SONOMA, CA - When Pastor Kenneth Weiland returned to his church sanctuary on Sunday, upon turning on the house lights, he heard an anguished moan coming from the stage. That's when he noticed a trembling figure pressed against the inside of the plexiglass drum cage, pleading for release.
It was every pastor's worst nightmare: he had forgotten to let the drummer, 34-year-old Jackson Everest out of his drum cage the previous Sunday after church. The drummer had gone seven days without food and only a small amount of water from the Evian bottle he had taken on stage to perform last Sunday morning.

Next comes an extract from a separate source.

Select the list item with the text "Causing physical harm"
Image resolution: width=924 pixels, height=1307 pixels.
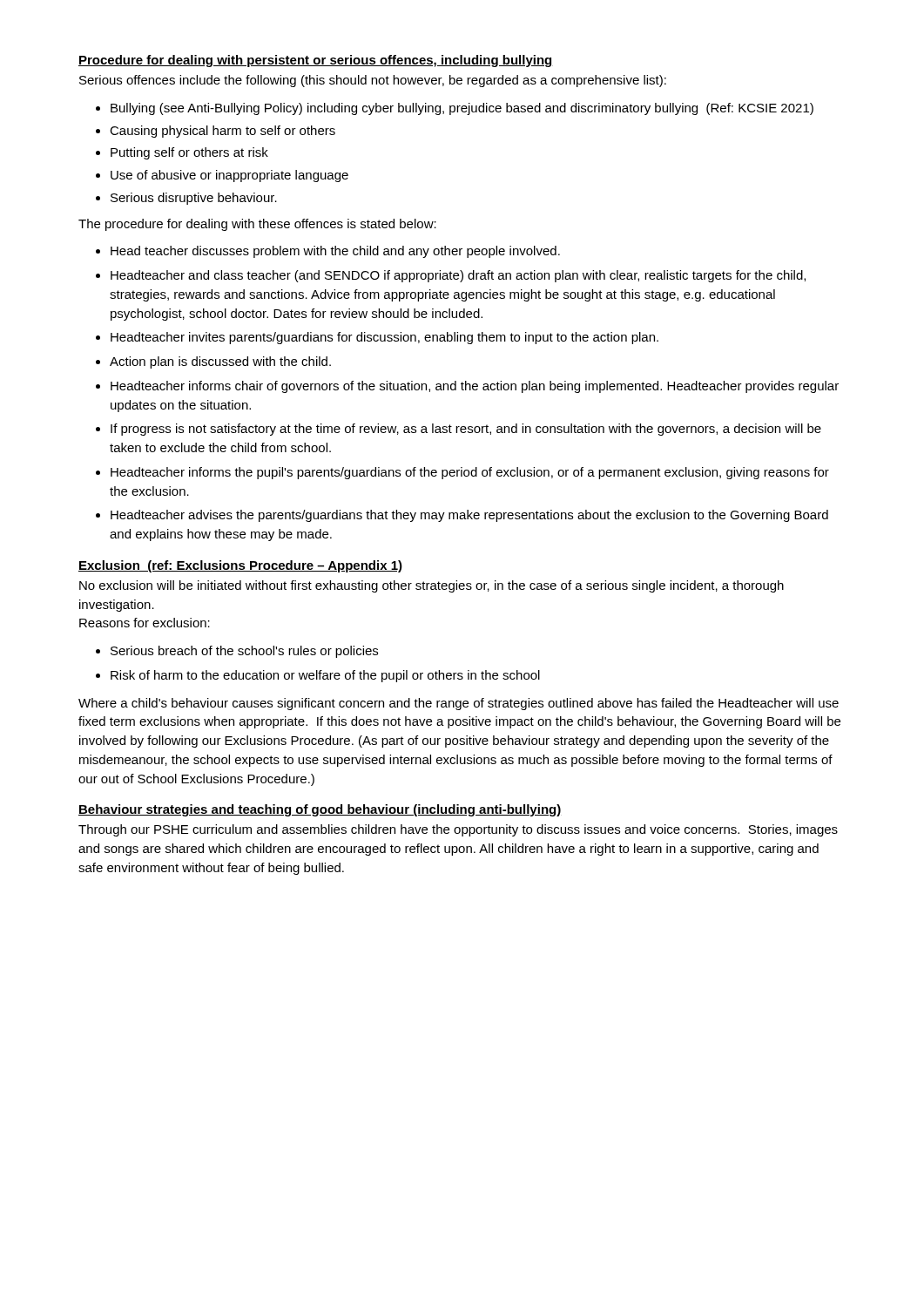[223, 130]

When discovered, Everest had sunken eyes, loose skin on his extremities, and his ribs and other bones were showing. His drum sticks had been gnawed at and the skin of his snare drum had been entirely devoured. "I thought drum heads were made of animal skin," Everest later told authorities, "but I'm pretty sure it was pure plastic." An overturned floor tom had been used as a makeshift toilet.
Paramedics on the scene said that at first Everest was unable to move, but when they fed him some bagels from the foyer and gave him a sip of freshly-brewed extra-light roast coffee, he perked right up. It was about that time the rest of the worship team arrived to get warmed up.
"He just sat right back down on the stool and started playing," said pastor Weiland. "Guy's a machine."
"I just love drumming," Everest said.
Weiland says he set a reminder on his phone this Sunday to let the drummer out at the end of the second service but has placed an emergency kit with trail bars and bottled water inside the cage, just in case.